## [DESCRIPTION OF THE TASK]
Copy exactly, please, the lines of the data from its start through the line containing "Example of the format, with".

+===+

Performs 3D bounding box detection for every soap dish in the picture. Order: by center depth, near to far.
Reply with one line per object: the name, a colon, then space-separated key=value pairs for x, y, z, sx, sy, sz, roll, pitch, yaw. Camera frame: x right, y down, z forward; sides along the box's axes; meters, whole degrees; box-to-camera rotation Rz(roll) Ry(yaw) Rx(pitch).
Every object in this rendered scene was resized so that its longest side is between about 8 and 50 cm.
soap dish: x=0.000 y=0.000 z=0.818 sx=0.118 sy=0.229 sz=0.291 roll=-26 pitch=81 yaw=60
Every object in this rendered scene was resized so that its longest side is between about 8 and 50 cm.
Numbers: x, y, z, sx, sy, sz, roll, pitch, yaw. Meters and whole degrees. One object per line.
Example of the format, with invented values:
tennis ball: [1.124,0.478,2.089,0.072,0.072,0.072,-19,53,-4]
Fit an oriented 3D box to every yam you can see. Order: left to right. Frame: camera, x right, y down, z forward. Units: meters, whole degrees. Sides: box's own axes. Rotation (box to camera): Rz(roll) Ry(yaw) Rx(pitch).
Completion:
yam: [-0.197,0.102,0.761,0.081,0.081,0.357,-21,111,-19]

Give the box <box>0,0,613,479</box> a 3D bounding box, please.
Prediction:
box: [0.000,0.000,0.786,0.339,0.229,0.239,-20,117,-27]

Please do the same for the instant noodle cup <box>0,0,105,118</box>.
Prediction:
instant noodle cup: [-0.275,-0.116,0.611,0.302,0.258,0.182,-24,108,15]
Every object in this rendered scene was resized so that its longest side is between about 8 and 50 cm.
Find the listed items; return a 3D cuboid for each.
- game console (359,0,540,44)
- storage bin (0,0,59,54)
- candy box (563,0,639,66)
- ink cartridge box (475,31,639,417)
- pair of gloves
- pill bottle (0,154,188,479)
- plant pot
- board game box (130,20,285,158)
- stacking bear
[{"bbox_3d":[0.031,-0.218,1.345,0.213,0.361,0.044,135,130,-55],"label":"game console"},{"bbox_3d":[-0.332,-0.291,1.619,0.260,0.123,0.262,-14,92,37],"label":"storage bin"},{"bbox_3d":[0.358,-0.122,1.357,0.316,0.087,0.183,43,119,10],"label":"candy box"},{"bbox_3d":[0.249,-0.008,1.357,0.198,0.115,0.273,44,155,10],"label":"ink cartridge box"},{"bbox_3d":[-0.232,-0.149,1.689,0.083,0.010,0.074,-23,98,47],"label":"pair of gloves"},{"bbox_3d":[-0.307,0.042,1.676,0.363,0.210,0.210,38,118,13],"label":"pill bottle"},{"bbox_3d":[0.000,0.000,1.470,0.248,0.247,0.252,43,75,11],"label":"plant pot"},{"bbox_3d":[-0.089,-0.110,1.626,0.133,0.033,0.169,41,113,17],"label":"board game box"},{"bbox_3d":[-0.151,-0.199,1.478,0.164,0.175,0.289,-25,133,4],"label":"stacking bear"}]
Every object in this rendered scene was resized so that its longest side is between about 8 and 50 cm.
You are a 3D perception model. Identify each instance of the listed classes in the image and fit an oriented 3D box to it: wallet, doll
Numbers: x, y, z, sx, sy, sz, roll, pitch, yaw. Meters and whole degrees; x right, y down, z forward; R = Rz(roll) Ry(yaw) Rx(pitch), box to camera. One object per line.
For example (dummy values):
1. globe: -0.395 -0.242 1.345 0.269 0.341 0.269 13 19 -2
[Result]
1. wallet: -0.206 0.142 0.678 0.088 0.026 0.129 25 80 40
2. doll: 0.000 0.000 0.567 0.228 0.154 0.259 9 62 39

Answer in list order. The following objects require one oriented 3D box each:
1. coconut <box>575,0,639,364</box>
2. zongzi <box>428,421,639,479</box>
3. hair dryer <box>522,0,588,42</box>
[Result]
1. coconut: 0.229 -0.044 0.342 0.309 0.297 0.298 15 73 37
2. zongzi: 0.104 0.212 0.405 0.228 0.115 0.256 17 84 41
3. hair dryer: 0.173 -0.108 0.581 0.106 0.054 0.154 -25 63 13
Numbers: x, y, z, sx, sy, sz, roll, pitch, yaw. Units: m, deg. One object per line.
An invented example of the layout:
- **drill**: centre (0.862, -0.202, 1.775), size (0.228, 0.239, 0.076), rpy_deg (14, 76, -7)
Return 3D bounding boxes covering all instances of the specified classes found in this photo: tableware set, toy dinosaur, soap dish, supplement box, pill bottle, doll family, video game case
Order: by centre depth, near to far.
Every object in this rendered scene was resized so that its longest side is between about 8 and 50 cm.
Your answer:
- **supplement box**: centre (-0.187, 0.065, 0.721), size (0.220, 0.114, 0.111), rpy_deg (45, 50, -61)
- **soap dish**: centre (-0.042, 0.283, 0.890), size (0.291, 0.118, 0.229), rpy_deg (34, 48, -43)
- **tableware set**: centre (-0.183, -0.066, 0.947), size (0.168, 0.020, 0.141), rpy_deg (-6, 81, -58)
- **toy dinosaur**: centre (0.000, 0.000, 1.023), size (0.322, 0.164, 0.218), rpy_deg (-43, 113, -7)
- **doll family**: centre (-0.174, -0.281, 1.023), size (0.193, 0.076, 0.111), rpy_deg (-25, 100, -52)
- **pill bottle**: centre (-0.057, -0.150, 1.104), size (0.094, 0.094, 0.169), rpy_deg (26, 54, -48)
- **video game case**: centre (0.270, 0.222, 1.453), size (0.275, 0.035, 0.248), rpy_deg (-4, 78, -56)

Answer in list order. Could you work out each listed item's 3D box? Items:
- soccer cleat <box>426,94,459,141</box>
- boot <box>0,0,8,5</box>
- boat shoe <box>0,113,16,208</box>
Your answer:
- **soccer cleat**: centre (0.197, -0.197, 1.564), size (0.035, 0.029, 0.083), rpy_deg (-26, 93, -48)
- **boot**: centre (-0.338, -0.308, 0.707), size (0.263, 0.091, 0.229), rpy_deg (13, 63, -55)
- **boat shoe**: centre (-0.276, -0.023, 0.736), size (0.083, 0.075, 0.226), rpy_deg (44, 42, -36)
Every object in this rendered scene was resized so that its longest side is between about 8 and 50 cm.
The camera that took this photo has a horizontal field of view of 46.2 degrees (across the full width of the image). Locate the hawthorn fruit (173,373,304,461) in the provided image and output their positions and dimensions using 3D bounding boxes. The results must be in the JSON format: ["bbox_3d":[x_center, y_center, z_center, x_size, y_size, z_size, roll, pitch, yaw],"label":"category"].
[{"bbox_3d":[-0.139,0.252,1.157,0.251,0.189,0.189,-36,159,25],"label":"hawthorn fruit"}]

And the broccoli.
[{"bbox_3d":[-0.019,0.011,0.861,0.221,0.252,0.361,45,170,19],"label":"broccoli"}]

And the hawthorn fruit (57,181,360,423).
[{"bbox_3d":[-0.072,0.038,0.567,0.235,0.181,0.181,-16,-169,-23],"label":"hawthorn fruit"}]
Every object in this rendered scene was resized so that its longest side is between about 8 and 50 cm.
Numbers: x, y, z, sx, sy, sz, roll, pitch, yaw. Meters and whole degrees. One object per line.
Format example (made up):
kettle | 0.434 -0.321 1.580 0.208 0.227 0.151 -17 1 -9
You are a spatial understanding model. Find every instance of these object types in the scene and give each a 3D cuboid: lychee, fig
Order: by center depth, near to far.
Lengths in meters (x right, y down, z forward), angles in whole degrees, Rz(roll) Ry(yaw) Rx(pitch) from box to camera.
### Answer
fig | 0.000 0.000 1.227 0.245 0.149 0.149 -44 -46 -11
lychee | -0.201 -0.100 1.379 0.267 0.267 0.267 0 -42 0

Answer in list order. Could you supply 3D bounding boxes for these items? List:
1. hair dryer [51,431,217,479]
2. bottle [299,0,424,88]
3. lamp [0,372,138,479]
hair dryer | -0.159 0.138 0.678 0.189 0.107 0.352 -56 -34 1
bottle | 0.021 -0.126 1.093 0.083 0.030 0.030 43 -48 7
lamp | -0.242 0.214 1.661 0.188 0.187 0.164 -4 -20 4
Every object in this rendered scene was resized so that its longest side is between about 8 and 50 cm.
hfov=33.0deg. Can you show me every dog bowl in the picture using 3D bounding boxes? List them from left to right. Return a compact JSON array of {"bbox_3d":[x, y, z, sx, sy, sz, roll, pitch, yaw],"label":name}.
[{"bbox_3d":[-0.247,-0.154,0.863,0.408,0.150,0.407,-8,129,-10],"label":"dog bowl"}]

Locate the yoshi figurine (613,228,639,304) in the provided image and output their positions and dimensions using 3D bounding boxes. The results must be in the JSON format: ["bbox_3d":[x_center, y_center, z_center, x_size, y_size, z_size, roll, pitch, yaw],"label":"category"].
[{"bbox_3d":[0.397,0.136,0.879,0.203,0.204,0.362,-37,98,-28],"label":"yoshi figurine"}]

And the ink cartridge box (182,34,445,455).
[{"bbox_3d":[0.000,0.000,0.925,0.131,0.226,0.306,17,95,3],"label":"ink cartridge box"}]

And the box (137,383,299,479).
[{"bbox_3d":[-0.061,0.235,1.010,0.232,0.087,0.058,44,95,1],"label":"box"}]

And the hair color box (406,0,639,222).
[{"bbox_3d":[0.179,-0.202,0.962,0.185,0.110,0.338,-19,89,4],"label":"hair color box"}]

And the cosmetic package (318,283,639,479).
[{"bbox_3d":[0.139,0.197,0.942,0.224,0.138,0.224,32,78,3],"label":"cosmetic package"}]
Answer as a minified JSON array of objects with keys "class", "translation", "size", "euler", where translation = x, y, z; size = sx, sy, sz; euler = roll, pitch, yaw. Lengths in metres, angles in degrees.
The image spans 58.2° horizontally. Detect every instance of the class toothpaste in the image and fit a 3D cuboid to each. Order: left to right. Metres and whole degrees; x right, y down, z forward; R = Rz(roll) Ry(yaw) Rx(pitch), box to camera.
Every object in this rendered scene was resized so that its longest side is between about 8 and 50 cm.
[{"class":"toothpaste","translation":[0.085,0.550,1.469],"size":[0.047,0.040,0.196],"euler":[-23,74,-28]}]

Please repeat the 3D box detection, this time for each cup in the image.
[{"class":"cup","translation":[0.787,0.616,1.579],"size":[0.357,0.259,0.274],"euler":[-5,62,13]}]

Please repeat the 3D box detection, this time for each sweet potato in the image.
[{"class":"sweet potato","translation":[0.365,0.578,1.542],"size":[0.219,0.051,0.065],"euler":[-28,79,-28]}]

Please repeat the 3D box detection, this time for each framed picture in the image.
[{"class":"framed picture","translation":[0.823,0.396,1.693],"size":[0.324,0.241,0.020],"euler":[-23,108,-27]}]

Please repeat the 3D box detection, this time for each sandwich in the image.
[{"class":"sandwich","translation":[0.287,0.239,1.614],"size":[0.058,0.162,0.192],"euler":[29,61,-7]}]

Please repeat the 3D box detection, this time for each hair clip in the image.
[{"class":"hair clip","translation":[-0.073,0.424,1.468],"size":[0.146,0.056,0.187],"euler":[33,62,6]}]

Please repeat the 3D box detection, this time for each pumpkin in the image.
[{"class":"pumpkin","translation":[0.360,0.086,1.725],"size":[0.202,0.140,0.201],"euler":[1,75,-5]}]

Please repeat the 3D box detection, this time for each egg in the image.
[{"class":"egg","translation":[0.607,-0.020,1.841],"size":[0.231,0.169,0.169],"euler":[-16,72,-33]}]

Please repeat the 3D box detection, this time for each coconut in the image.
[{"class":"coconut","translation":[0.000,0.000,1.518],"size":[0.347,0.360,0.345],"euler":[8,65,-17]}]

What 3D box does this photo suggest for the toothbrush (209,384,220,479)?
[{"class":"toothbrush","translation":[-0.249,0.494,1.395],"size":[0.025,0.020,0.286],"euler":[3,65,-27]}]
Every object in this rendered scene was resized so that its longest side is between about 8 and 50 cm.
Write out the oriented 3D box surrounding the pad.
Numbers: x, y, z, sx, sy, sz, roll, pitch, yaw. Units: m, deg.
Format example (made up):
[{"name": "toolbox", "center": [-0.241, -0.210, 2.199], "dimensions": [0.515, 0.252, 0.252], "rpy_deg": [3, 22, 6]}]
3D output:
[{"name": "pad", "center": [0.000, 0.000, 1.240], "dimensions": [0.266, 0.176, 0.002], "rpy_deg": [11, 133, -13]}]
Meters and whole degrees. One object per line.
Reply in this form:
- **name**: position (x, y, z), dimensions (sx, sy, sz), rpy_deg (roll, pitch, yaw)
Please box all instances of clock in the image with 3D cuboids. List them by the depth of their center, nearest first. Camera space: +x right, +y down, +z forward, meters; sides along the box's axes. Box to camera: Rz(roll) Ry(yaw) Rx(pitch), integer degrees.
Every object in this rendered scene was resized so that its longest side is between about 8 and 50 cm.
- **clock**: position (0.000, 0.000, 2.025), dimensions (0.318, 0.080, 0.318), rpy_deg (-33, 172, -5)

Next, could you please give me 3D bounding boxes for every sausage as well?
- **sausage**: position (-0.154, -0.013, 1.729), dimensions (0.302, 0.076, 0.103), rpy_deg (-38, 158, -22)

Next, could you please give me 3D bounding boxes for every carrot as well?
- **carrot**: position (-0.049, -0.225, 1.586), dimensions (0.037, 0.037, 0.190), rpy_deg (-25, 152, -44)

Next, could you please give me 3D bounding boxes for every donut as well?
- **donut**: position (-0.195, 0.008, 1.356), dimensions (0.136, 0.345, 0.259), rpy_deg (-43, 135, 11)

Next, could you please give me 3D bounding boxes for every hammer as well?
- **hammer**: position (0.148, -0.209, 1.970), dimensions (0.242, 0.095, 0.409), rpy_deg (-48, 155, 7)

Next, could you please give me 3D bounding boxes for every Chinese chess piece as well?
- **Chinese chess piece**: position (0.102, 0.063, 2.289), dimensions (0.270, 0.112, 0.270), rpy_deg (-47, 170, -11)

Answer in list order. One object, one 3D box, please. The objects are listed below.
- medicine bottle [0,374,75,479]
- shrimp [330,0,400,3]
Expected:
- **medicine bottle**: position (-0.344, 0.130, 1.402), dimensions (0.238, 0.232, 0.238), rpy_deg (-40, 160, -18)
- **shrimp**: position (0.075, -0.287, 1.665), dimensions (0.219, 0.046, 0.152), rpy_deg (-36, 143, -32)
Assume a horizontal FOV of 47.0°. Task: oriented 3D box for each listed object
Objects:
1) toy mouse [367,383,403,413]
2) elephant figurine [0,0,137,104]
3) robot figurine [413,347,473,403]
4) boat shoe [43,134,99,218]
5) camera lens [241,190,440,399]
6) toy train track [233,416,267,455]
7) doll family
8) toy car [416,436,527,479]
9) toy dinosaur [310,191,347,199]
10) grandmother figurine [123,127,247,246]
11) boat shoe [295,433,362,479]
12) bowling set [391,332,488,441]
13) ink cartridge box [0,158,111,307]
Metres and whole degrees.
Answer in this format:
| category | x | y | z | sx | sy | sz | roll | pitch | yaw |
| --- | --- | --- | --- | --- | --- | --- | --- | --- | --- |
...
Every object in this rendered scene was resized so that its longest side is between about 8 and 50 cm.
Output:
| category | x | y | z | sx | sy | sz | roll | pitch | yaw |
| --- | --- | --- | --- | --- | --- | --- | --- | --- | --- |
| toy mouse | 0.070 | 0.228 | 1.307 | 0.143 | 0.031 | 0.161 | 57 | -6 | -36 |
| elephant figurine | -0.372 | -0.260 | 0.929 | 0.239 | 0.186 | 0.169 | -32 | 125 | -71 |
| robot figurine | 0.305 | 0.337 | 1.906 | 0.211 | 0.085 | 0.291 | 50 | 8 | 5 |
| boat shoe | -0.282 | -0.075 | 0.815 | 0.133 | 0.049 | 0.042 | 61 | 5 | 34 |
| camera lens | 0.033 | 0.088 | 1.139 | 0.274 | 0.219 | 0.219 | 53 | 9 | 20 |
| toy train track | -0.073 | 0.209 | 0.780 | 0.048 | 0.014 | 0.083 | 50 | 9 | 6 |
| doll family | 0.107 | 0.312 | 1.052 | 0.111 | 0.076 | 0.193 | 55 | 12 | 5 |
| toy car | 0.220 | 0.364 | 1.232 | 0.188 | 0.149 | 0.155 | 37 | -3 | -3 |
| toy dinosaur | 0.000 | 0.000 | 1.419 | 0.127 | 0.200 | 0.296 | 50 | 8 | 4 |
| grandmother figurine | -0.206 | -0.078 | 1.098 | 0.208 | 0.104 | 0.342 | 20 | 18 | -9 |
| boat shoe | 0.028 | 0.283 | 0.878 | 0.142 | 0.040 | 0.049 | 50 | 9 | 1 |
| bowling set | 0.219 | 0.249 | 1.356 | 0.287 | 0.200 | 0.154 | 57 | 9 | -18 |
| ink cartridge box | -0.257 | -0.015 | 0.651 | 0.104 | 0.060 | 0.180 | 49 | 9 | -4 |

+===+

## [RESULT OF THIS EXERCISE]
Performs 3D bounding box detection for every soap dish in the picture. Order: by center depth, near to far.
Reply with one line per object: the name, a colon, then space-separated key=value pairs for x, y, z, sx, sy, sz, roll, pitch, yaw. Camera frame: x right, y down, z forward; sides along the box's axes; meters, whole degrees; box-to-camera rotation Rz(roll) Ry(yaw) Rx(pitch).
Every object in this rendered scene was resized so that its longest side is between about 8 and 50 cm.
soap dish: x=0.000 y=0.000 z=0.818 sx=0.118 sy=0.229 sz=0.291 roll=-26 pitch=81 yaw=60
Every object in this rendered scene was resized so that its longest side is between about 8 and 50 cm.
Numbers: x, y, z, sx, sy, sz, roll, pitch, yaw. Meters and whole degrees. One object per line.
Example of the format, with invented values:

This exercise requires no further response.